Architecture Diagram

Implementation Details:

The GraphBuilder class constructs the workflow in agents/react_agent.py138-176:

class GraphBuilder:
    def buildgraph(self):
        agent_node = _create_agent_node(self.tools)

        workflow = StateGraph(AgentState)
        workflow.add_node("agent", agent_node)
        workflow.add_node("tool_execution", ToolNode(self.tools))
        workflow.add_edge(START, "agent")
        workflow.add_conditional_edges(
            "agent",
            tools_condition,
            {
                "tools": "tool_execution",
                END: END,
            },
        )
        workflow.add_edge("tool_execution", "agent")
        return workflow.compile()

The agent node is created by _create_agent_node() agents/react_agent.py123-136 which binds the tool schemas to the LLM:

def _create_agent_node(tools: Sequence[StructuredTool]):
    bound_llm = _llm.bind_tools(list(tools))

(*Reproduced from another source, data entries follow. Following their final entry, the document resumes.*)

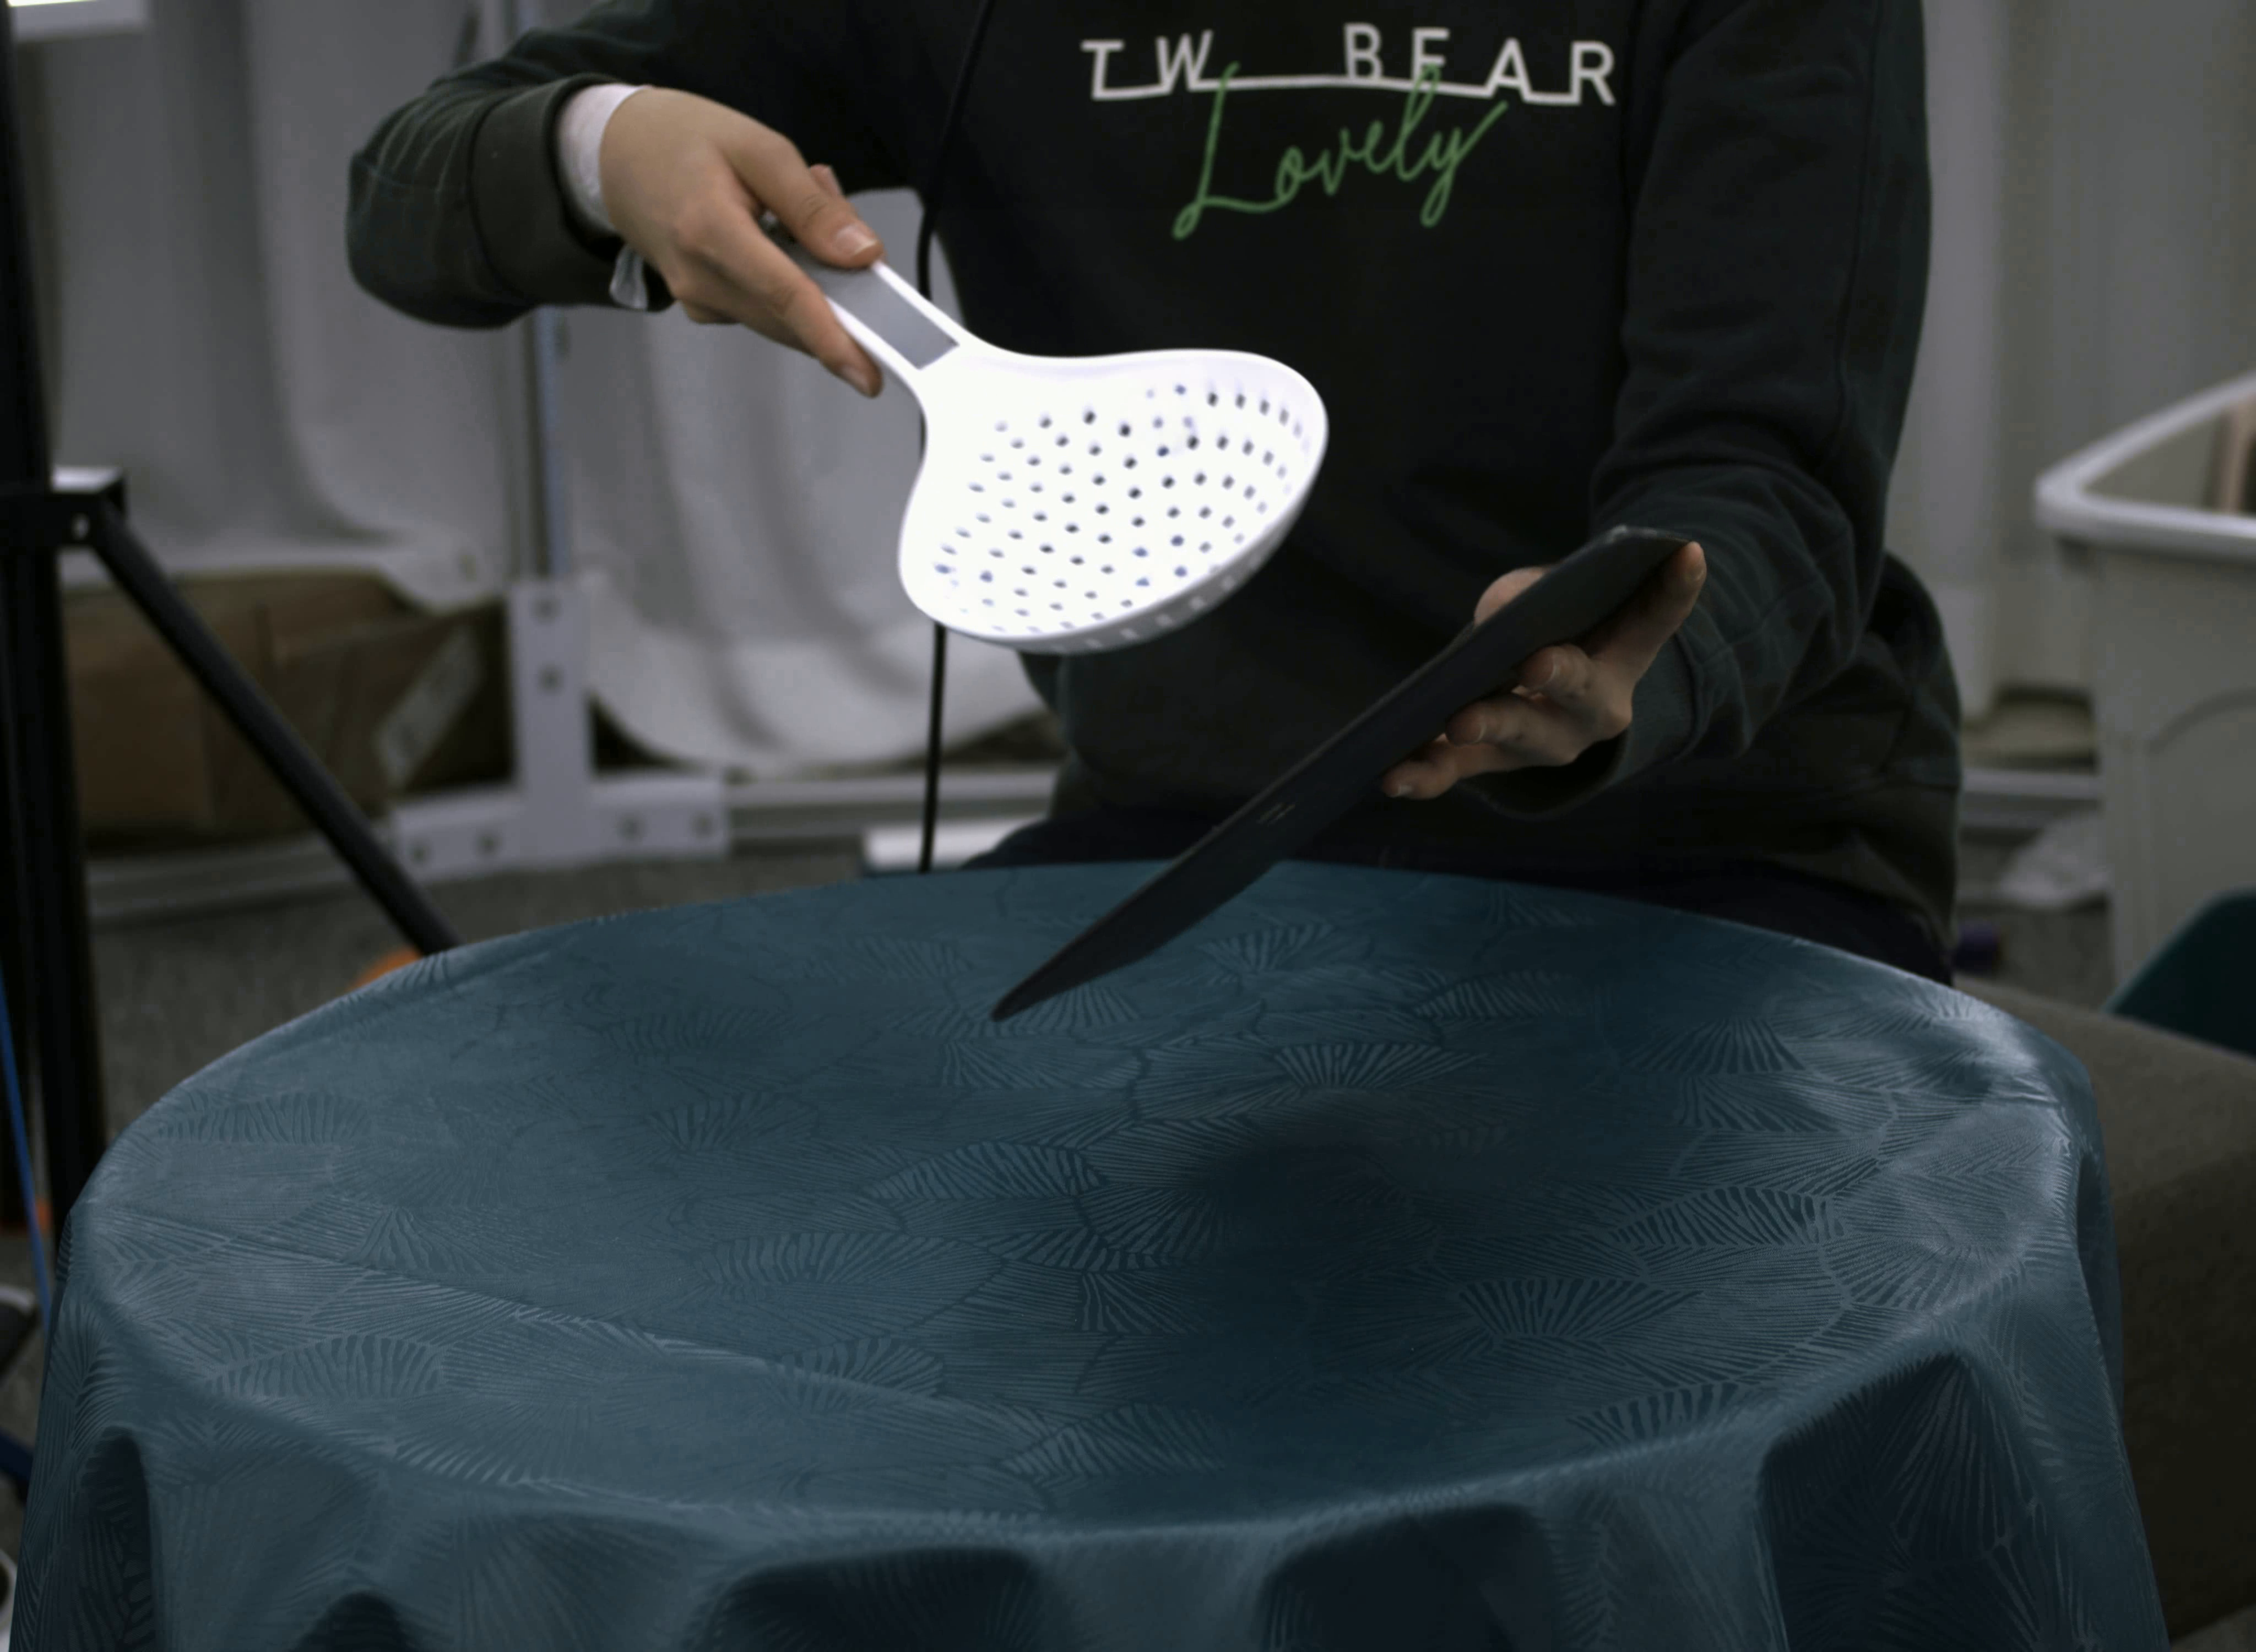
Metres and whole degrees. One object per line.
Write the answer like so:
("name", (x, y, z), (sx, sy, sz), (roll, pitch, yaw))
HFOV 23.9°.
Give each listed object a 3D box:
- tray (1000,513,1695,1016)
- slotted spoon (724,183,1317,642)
("tray", (0.068, -0.020, 1.482), (0.212, 0.010, 0.322), (-38, -4, 10))
("slotted spoon", (-0.052, -0.140, 1.682), (0.135, 0.045, 0.357), (-32, 38, -11))

    async def _agent_node(state: AgentState, **_):
        messages = list(state["messages"])
        if not messages or not isinstance(messages[0], SystemMessage):
            messages = [_system_message] + messages
        response = await bound_llm.ainvoke(messages)
        return {"messages": [response]}

    return _agent_node

Sources: agents/react_agent.py123-176


Agent State and Message Management

AgentState TypedDict

The workflow state is defined as a TypedDict with a single field: messages, which is a sequence of LangChain BaseMessage objects. The add_messages reducer automatically appends new messages.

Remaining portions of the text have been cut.